Today the Florida Supreme Court is as white as it was on May 26. On that day, Gov. Ron DeSantis presented Renatha Francis as the ﬁrst justice from the black Jamaican-American community.
After a legal and political ﬁght that almost went nuclear, the newest justice is, instead, a white woman, Jamie Grosshans, formerly a judge on the Fifth District Court of Appeal.
The fault for this ﬁasco lies mostly with the governor-controlled panel that screens potential justices: the Florida Supreme Court Judicial Nominating Commission (JNC).
“I blame them 100 percent. I blame the governor 100 percent also,” said state Sen. Perry Thurston (D-Fort Lauderdale), who called for the entire JNC to resign over the Francis mess. “They were carrying the governor’s water.”
Former Justices Barbara Pariente and Peggy Quince didn’t go that far. But they berated the JNC in an unusually blunt guest column the Orlando Sentinel published Sept. 17, three days after DeSantis identiﬁed Grosshans as his second choice.
All-White Supreme Court
“The people of this State, especially those who had hoped for at least one Black justice on the Florida Supreme Court, have the JNC to blame for the ongoing and unacceptable absence of a Black justice on our state’s highest court,” Pariente and Quince, who retired in January 2018, said in their column.
The departure of the African-American Quince created the opening that Francis, a Palm Beach Circuit Court judge, was supposed to ﬁll.
However, Francis’s limited experience disqualiﬁed her from serving on the court. The JNC sending the governor her name — not any of six eligible black candidates who applied — seemed to either rig the system for failure or depend on no signiﬁcant pushback.

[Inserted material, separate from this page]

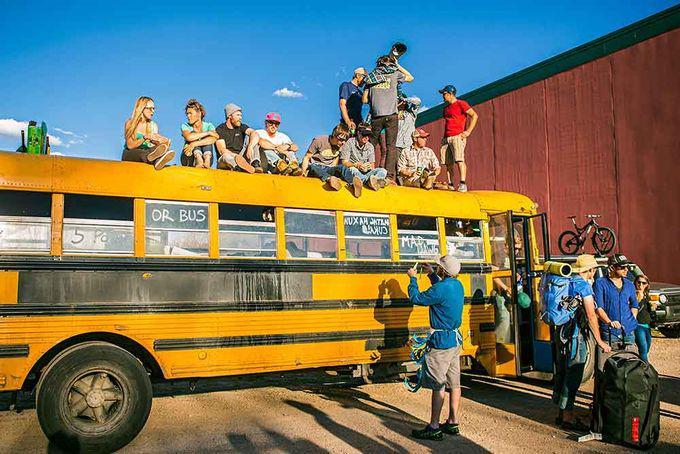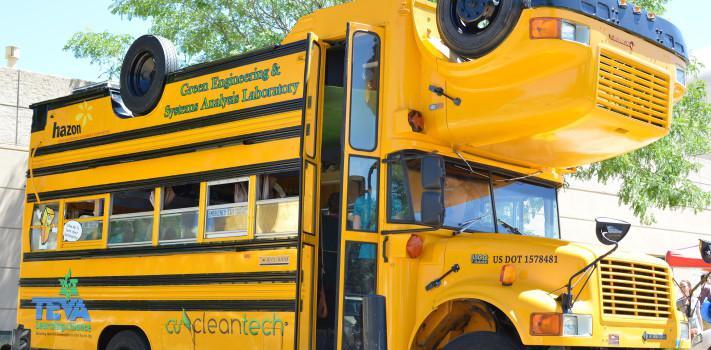The first image is the image on the left, the second image is the image on the right. Considering the images on both sides, is "An image includes a girl in jeans standing in front of a bus decorated with cartoon faces in the windows." valid? Answer yes or no. No. The first image is the image on the left, the second image is the image on the right. Assess this claim about the two images: "One bus is a Magic School Bus and one isn't.". Correct or not? Answer yes or no. No. 
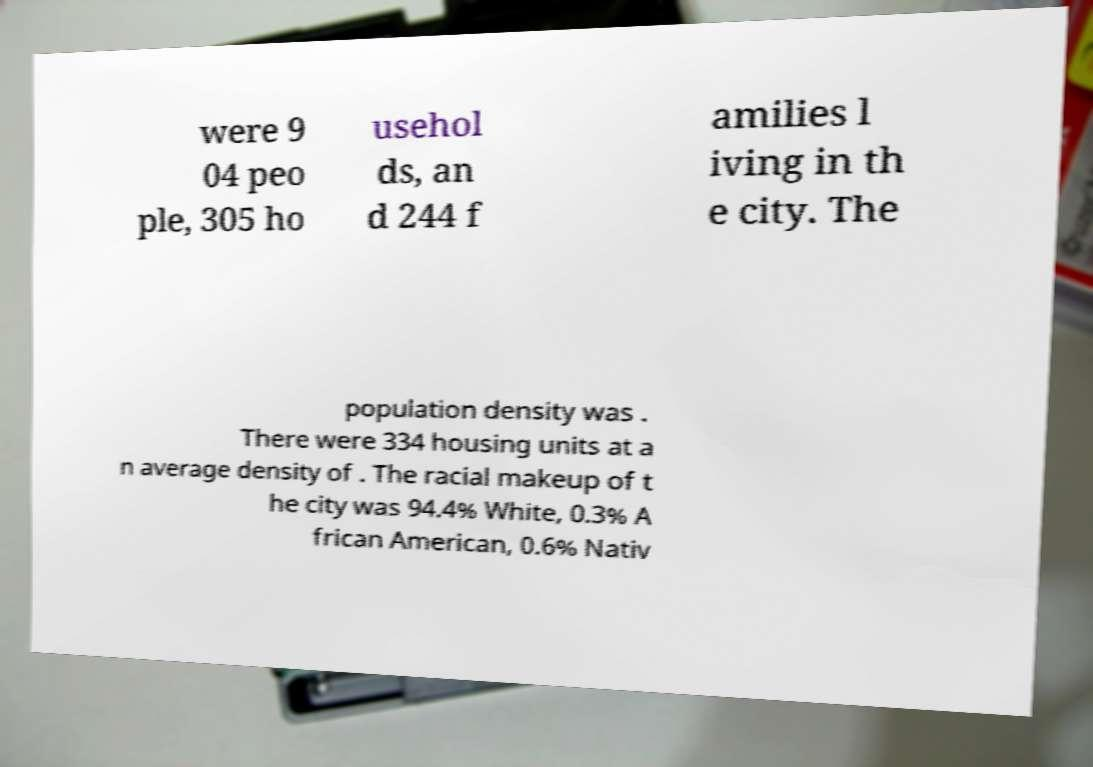Can you accurately transcribe the text from the provided image for me? were 9 04 peo ple, 305 ho usehol ds, an d 244 f amilies l iving in th e city. The population density was . There were 334 housing units at a n average density of . The racial makeup of t he city was 94.4% White, 0.3% A frican American, 0.6% Nativ

JNC’s defense of Francis nomination In fact, there was pushback in the form of a court challenge. And the governor’s celebrated effort to racially diversify the court failed miserably.
“The JNC made the decision to nominate a constitutionally ineligible candidate and it is responsible for the consequences of that decision,” Pariente and Quince wrote.
“They acted as a rubber stamp, not as an agency with independent evaluation skills,” Thurston said. “I don’t think anyone was fooled that DeSantis didn’t know. He was pretty much orchestrating what they were doing.”
Thurston supports legislation that would restore some Florida Bar input to the JNC member selection process. Ever since Republican Gov. Jeb Bush had the rules changed in 2000, the governor chooses all nine JNC members, either directly or indirectly through a veto. So the JNC is full of DeSantis’s hand-picked allies.
Usually the commission doesn’t have to explain its actions. Daniel Nordby, JNC chairman during the dispute, didn’t acknowledge an emailed request from Florida Bulldog for a response to criticism of the Francis appointment.
But when Rep. Geraldine Thompson (D-Orlando) challenged the appointment in a petition to the Supreme Court, DeSantis and the JNC were obliged to formally defend themselves.
Governor ﬁnally blinks
The governor’s explanation followed a curious logical path. His lawyers wrote in court papers that Francis, who was on maternity leave, couldn’t join the court until her leave ended, anyway; and the date of her return, Sept. 24, happened to be her 10-year anniversary as a lawyer, when she became eligible to serve on the high court.
The synchronicity defense didn’t work out for DeSantis. The governor “has not complied with the constitution’s clear commands,” the justices ruled Sept. 11. They ordered him to replace Francis the next business day.
After ignoring his noon, Sept. 14 deadline, DeSantis complied hours later, just before the court could have found him in contempt and ignited a constitutional crisis.
He called a press conference where he introduced Grosshans. He said President Donald Trump was “receptive” to the idea of nominating Francis for a federal judgeship. And Francis, 43, thanked DeSantis and Trump for her expected lifetime appointment.
In court papers Nordby argued that the JNC did nothing wrong because an applicant isn’t ofﬁcially eligible to join the court until taking ofﬁce–in this case on Sept. 24, Francis’s scheduled swearingin date. He cited a 2001 Florida Supreme Court decision, Miller v. Mendez, as the “leading authority” for this proposition.
Rep. Thompson’s lawyers, William Ponall and Lisabeth Fryer, responded that the Mendez case was about an elected judge, not an appointed one who must meet special standards. Also, it was about a residency rule, not a minimum-mandatory experience level.
In short, the salient facts of the Mendez and Francis cases do not match up. Mendez is irrelevant, according to Thompson’s lawyers. The Supreme Court didn’t decide who was right because the justices never ruled on the JNC’s defense. Early in the litigation they excused the commission based on a technicality.